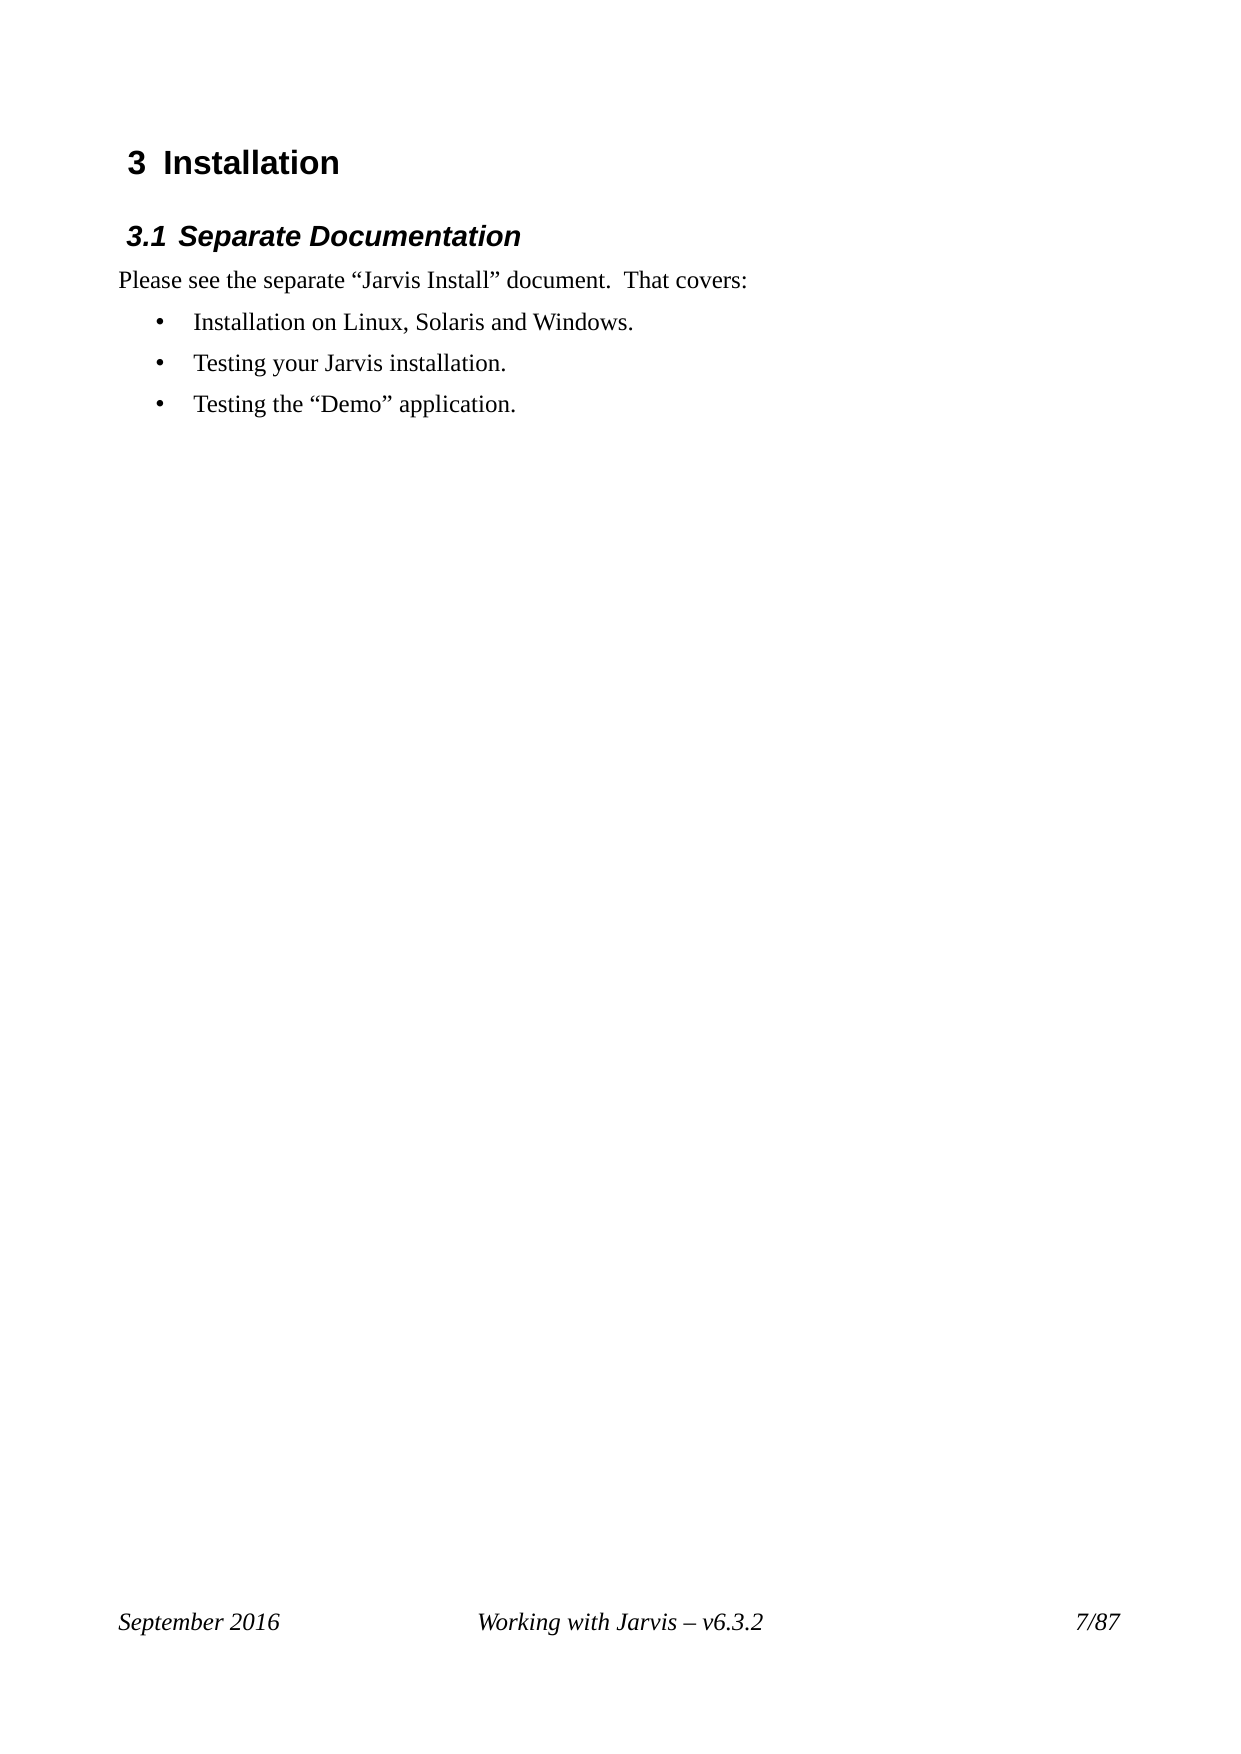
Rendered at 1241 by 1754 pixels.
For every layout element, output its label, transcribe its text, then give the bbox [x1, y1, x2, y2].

subtitle Separate Documentation [118, 219, 1122, 253]
text Please see the separate “Jarvis Install” document. That covers: [118, 265, 1122, 294]
list Testing the “Demo” application. [156, 389, 1122, 418]
list Installation on Linux, Solaris and Windows. [156, 307, 1122, 335]
list Testing your Jarvis installation. [156, 348, 1122, 377]
subtitle Installation [118, 143, 1122, 182]

WHAT YOU WILL DO: Write out the listing above in full, word for word, with no pictures.

ANSWER TO THIS TASK:
Rendered at 1241 by 1754 pixels.
For every layout element, output its label, transcribe its text, then give the bbox [x1, y1, x2, y2].

subtitle Separate Documentation [118, 219, 1122, 253]
text Please see the separate “Jarvis Install” document. That covers: [118, 265, 1122, 294]
list Testing the “Demo” application. [156, 389, 1122, 418]
list Installation on Linux, Solaris and Windows. [156, 307, 1122, 335]
list Testing your Jarvis installation. [156, 348, 1122, 377]
subtitle Installation [118, 143, 1122, 182]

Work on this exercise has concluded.